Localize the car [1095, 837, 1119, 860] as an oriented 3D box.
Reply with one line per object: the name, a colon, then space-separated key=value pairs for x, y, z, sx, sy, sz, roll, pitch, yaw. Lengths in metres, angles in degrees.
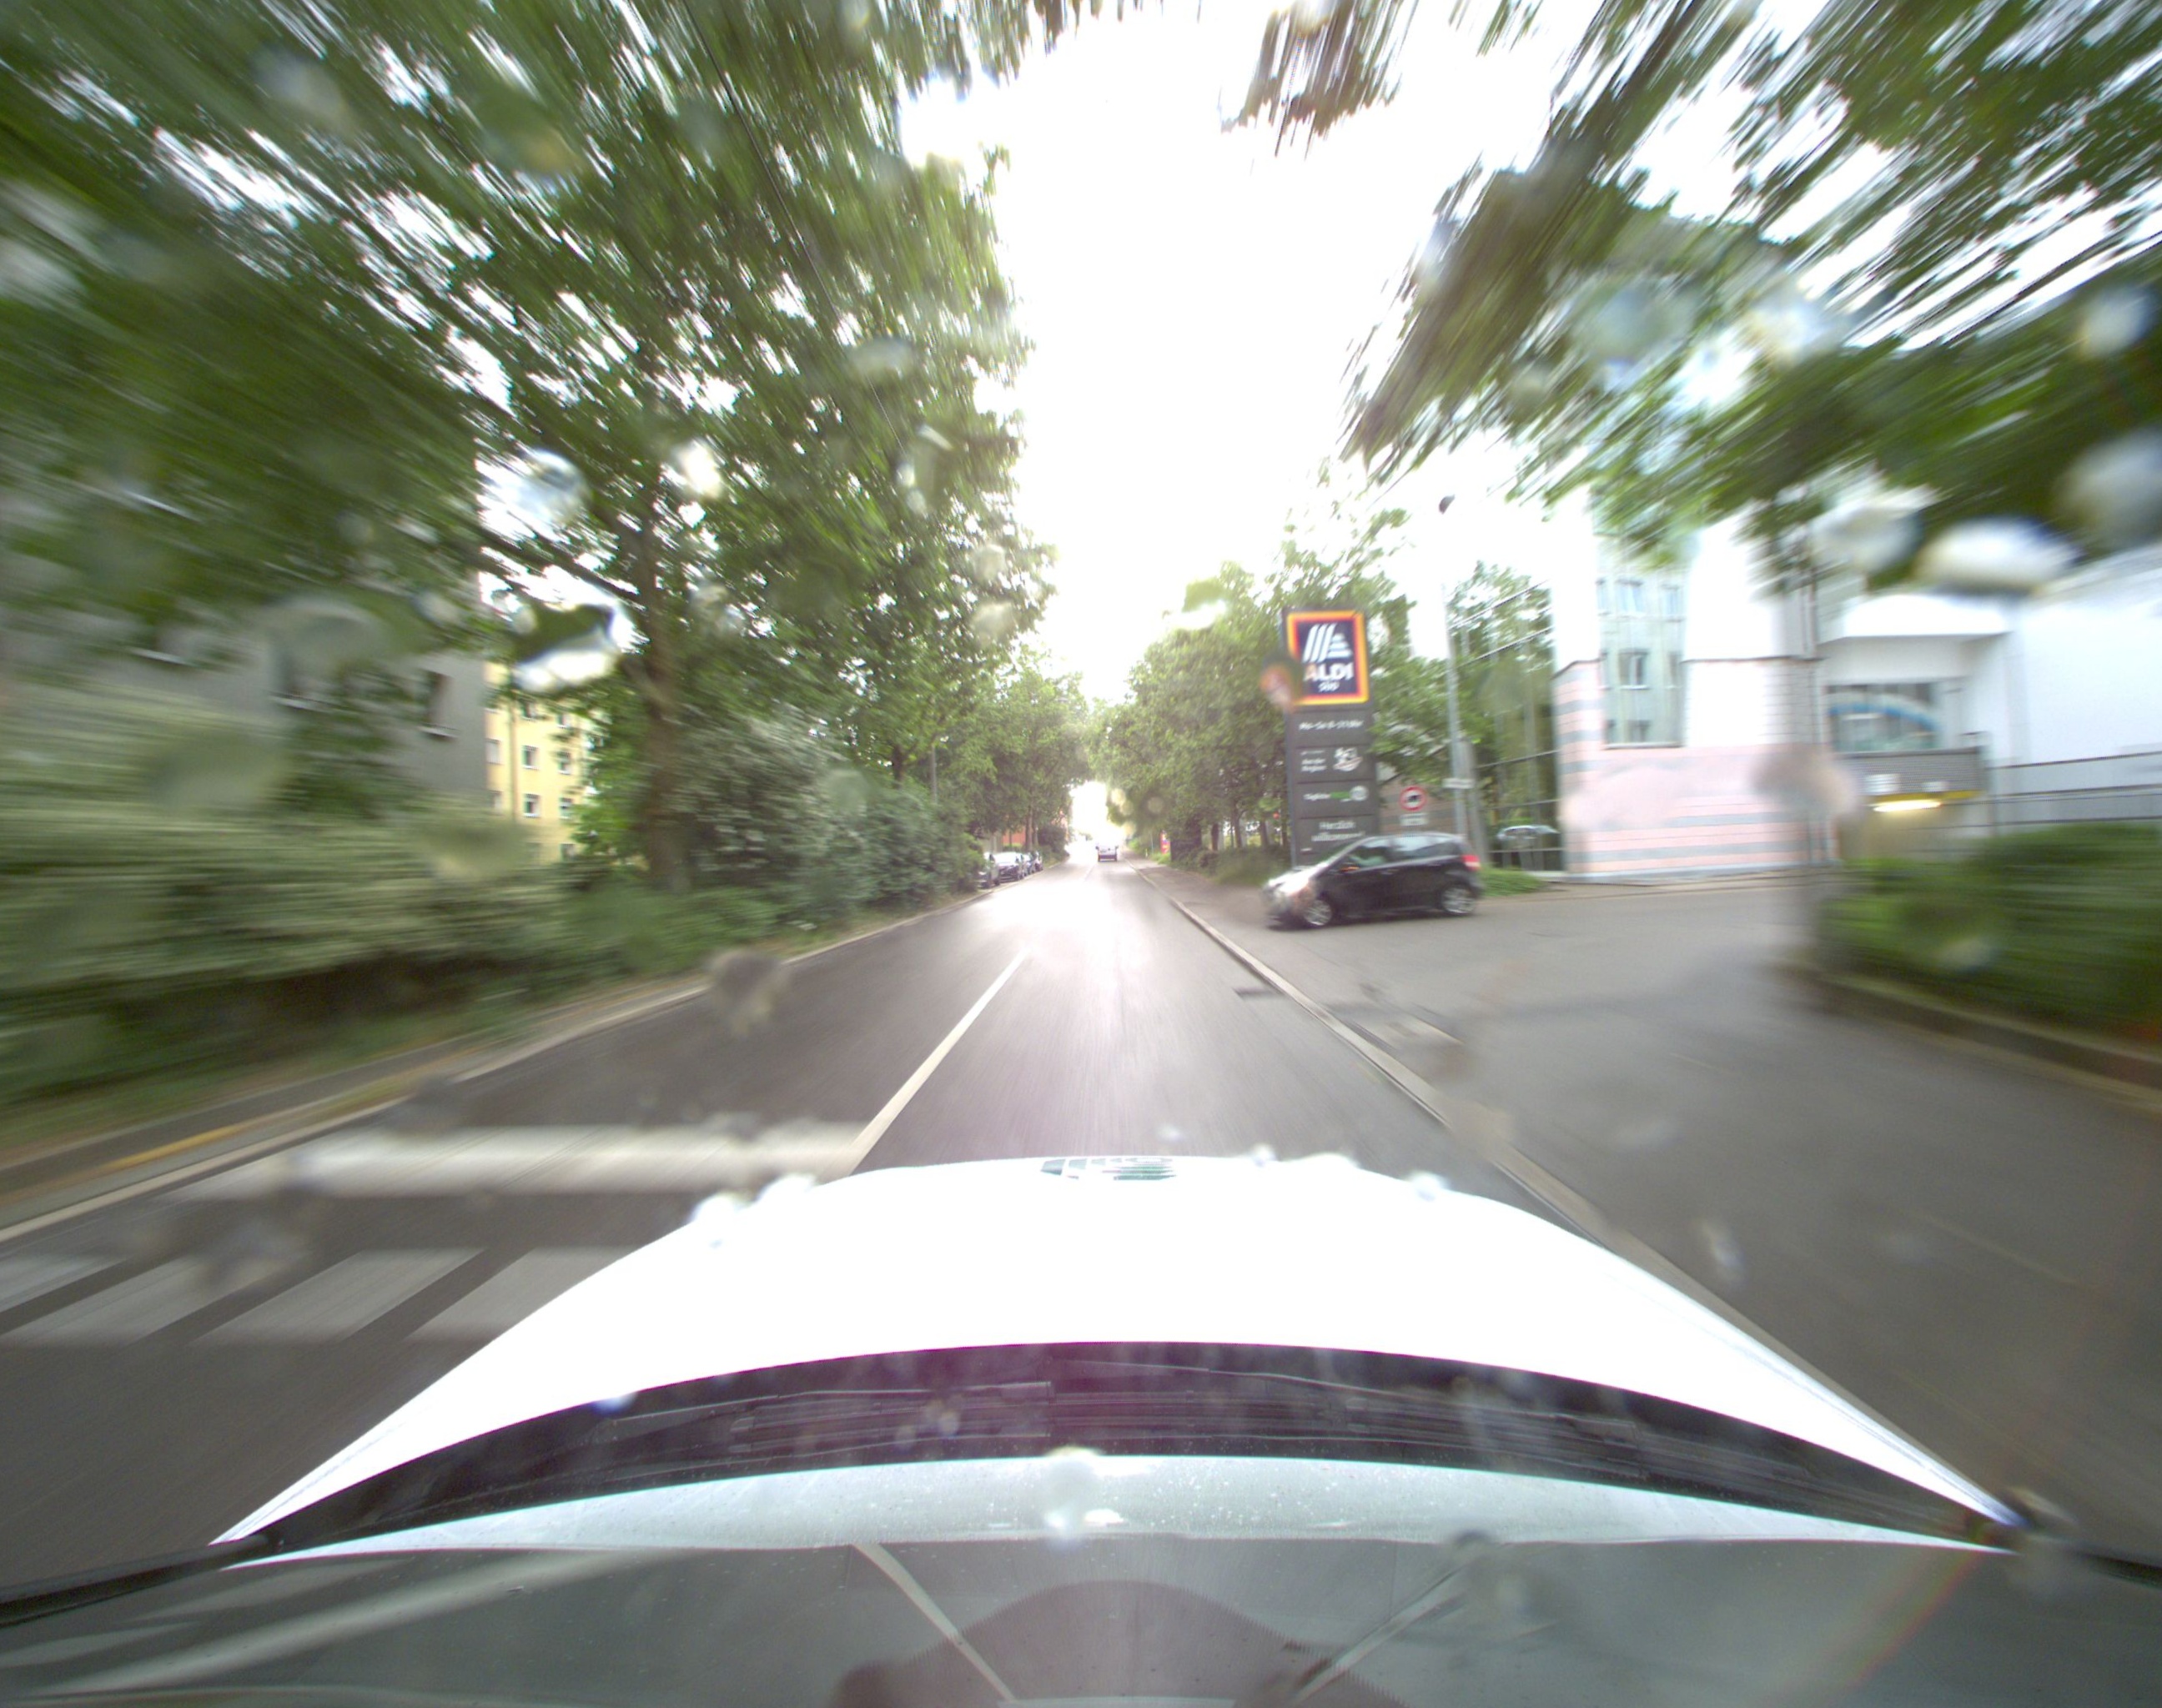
car: x=2.738 y=-0.562 z=84.531 sx=2.327 sy=2.231 sz=4.002 roll=-3 pitch=-1 yaw=2

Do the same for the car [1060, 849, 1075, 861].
car: x=-1.886 y=0.160 z=114.822 sx=1.684 sy=1.542 sz=4.119 roll=-3 pitch=0 yaw=2

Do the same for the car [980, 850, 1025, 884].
car: x=-4.176 y=0.680 z=44.005 sx=1.859 sy=1.591 sz=4.239 roll=-5 pitch=0 yaw=0

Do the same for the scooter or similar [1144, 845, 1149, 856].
scooter or similar: x=6.789 y=-0.351 z=84.693 sx=0.424 sy=1.142 sz=1.529 roll=-1 pitch=-1 yaw=0

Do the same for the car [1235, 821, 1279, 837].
car: x=17.578 y=-2.499 z=81.472 sx=4.085 sy=1.376 sz=1.904 roll=-2 pitch=0 yaw=1

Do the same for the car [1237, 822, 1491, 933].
car: x=5.081 y=0.397 z=14.989 sx=3.842 sy=1.547 sz=2.023 roll=-5 pitch=0 yaw=-5

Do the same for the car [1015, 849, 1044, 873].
car: x=-3.761 y=0.470 z=59.970 sx=1.642 sy=1.537 sz=4.019 roll=-6 pitch=0 yaw=1

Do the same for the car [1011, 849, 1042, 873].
car: x=-3.591 y=0.458 z=54.133 sx=1.665 sy=1.508 sz=3.876 roll=0 pitch=1 yaw=2

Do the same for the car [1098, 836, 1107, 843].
car: x=5.550 y=-3.737 z=209.985 sx=2.148 sy=1.709 sz=3.879 roll=-1 pitch=-1 yaw=6

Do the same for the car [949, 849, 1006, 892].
car: x=-4.793 y=0.709 z=38.467 sx=1.727 sy=1.657 sz=4.568 roll=-6 pitch=1 yaw=3

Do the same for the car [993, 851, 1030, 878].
car: x=-4.173 y=0.601 z=49.531 sx=1.665 sy=1.508 sz=4.127 roll=-1 pitch=0 yaw=3

================================

**Exercise goal:** The records above need to be printed in full and exactly, without any of the pictures.

**Result of the exercise:**
Localize the car [1095, 837, 1119, 860] as an oriented 3D box.
Reply with one line per object: the name, a colon, then space-separated key=value pairs for x, y, z, sx, sy, sz, roll, pitch, yaw. Lengths in metres, angles in degrees.
car: x=2.738 y=-0.562 z=84.531 sx=2.327 sy=2.231 sz=4.002 roll=-3 pitch=-1 yaw=2

Do the same for the car [1060, 849, 1075, 861].
car: x=-1.886 y=0.160 z=114.822 sx=1.684 sy=1.542 sz=4.119 roll=-3 pitch=0 yaw=2

Do the same for the car [980, 850, 1025, 884].
car: x=-4.176 y=0.680 z=44.005 sx=1.859 sy=1.591 sz=4.239 roll=-5 pitch=0 yaw=0

Do the same for the scooter or similar [1144, 845, 1149, 856].
scooter or similar: x=6.789 y=-0.351 z=84.693 sx=0.424 sy=1.142 sz=1.529 roll=-1 pitch=-1 yaw=0

Do the same for the car [1235, 821, 1279, 837].
car: x=17.578 y=-2.499 z=81.472 sx=4.085 sy=1.376 sz=1.904 roll=-2 pitch=0 yaw=1

Do the same for the car [1237, 822, 1491, 933].
car: x=5.081 y=0.397 z=14.989 sx=3.842 sy=1.547 sz=2.023 roll=-5 pitch=0 yaw=-5

Do the same for the car [1015, 849, 1044, 873].
car: x=-3.761 y=0.470 z=59.970 sx=1.642 sy=1.537 sz=4.019 roll=-6 pitch=0 yaw=1

Do the same for the car [1011, 849, 1042, 873].
car: x=-3.591 y=0.458 z=54.133 sx=1.665 sy=1.508 sz=3.876 roll=0 pitch=1 yaw=2

Do the same for the car [1098, 836, 1107, 843].
car: x=5.550 y=-3.737 z=209.985 sx=2.148 sy=1.709 sz=3.879 roll=-1 pitch=-1 yaw=6

Do the same for the car [949, 849, 1006, 892].
car: x=-4.793 y=0.709 z=38.467 sx=1.727 sy=1.657 sz=4.568 roll=-6 pitch=1 yaw=3

Do the same for the car [993, 851, 1030, 878].
car: x=-4.173 y=0.601 z=49.531 sx=1.665 sy=1.508 sz=4.127 roll=-1 pitch=0 yaw=3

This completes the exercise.